The programming logic for this is within closedBefore and closedAfter right? With

if ((x.childCount == 0 && !x.inlineContent) || x.isAtom || x.type.spec.isolating) return true
if (x.inlineContent) return false

Is it possible to modify these 2 (+ 2) lines to include x.type.spec.allowGapCursor to be considered

if ((x.childCount == 0 && !x.inlineContent) || x.isAtom || x.type.spec.isolating || x.type.spec.allowGapCursor) return true
if (x.inlineContent) return false

so that within the code_block spec, to allow gap cursors we would just write

  get schema(): NodeSpec {
    return {
      content: "text*",
      marks: "",
      group: "block",
      code: true,
      defining: true,
      allowGapCursor: true,
      parseDOM: [{tag: "pre", preserveWhitespace: "full"}],
      toDOM(node: PMNode) { return ["pre", ["code", 0]] },
    }
  }

or does that not make sense with the rest of ProseMirror?

The reason to check x.type.spec.allowGapCursor is because within the GapCursor.valid method, it short-circuits on the third line with closedBefore or closedAfter being true.

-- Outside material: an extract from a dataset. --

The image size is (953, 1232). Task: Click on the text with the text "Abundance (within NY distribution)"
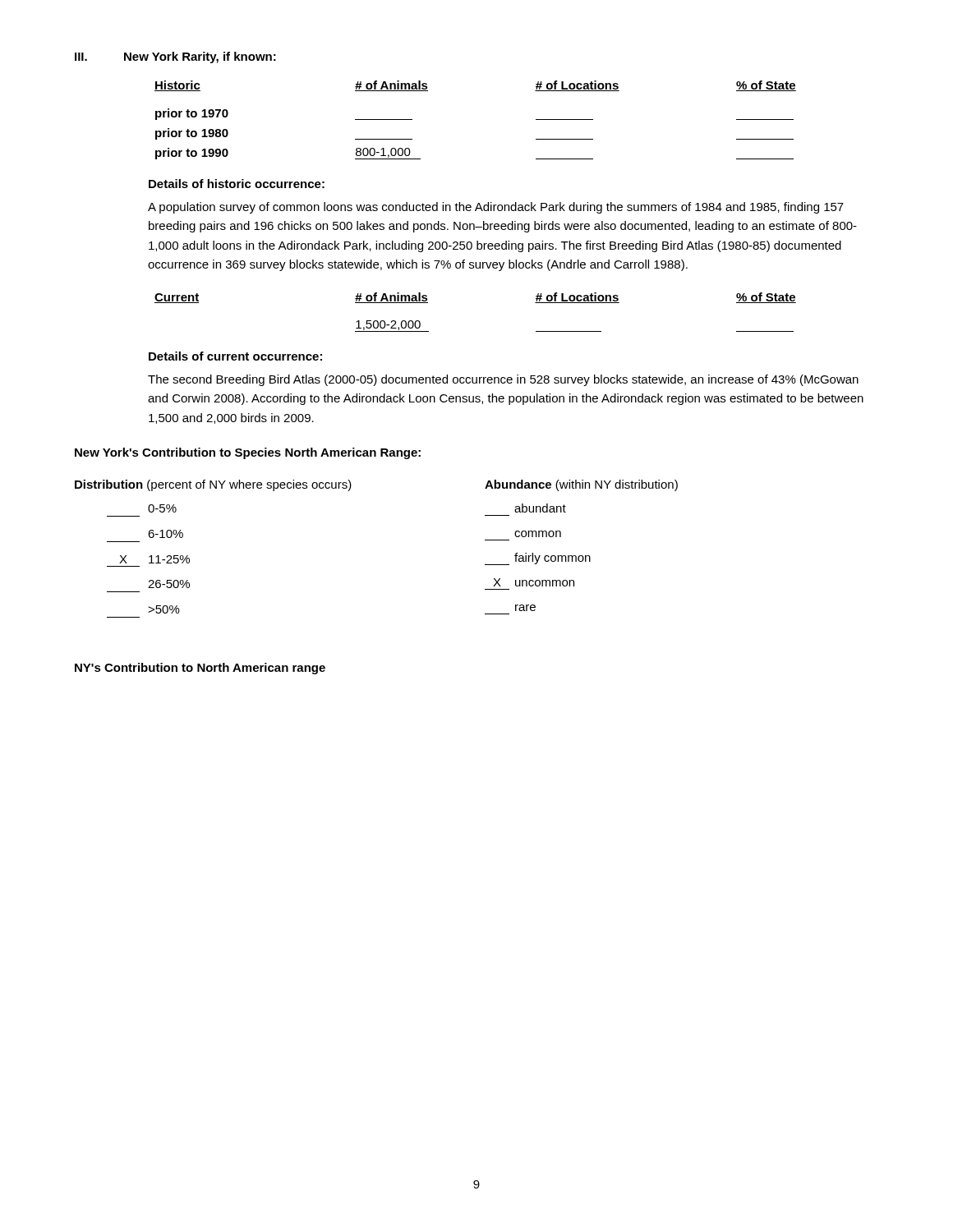(582, 484)

So even if we set the parent spec (in this case, doc) to allowGapCursor=true, no gapcursor would be created.

  GapCursor.valid = function valid ($pos) {
    var parent = $pos.parent;
    if (parent.isTextblock || !closedBefore($pos) || !closedAfter($pos)) { return false }
    var override = parent.type.spec.allowGapCursor;
    if (override != null) { return override }
    var deflt = parent.contentMatchAt($pos.index()).defaultType;
    return deflt && deflt.isTextblock
  };

That approach doesn’t seem to align very well with what gap cursors currently are—they are defined as occurring on the block level, so a code block (which has inline content) can’t contain them. But the allowGapCursor configuration is about whether a given node can contain gap cursors. I’m not really comfortable further blurring this, because it is already pretty subtle and error-prone (there have been bugs with accidental gap cursors appearing in the wrong places before).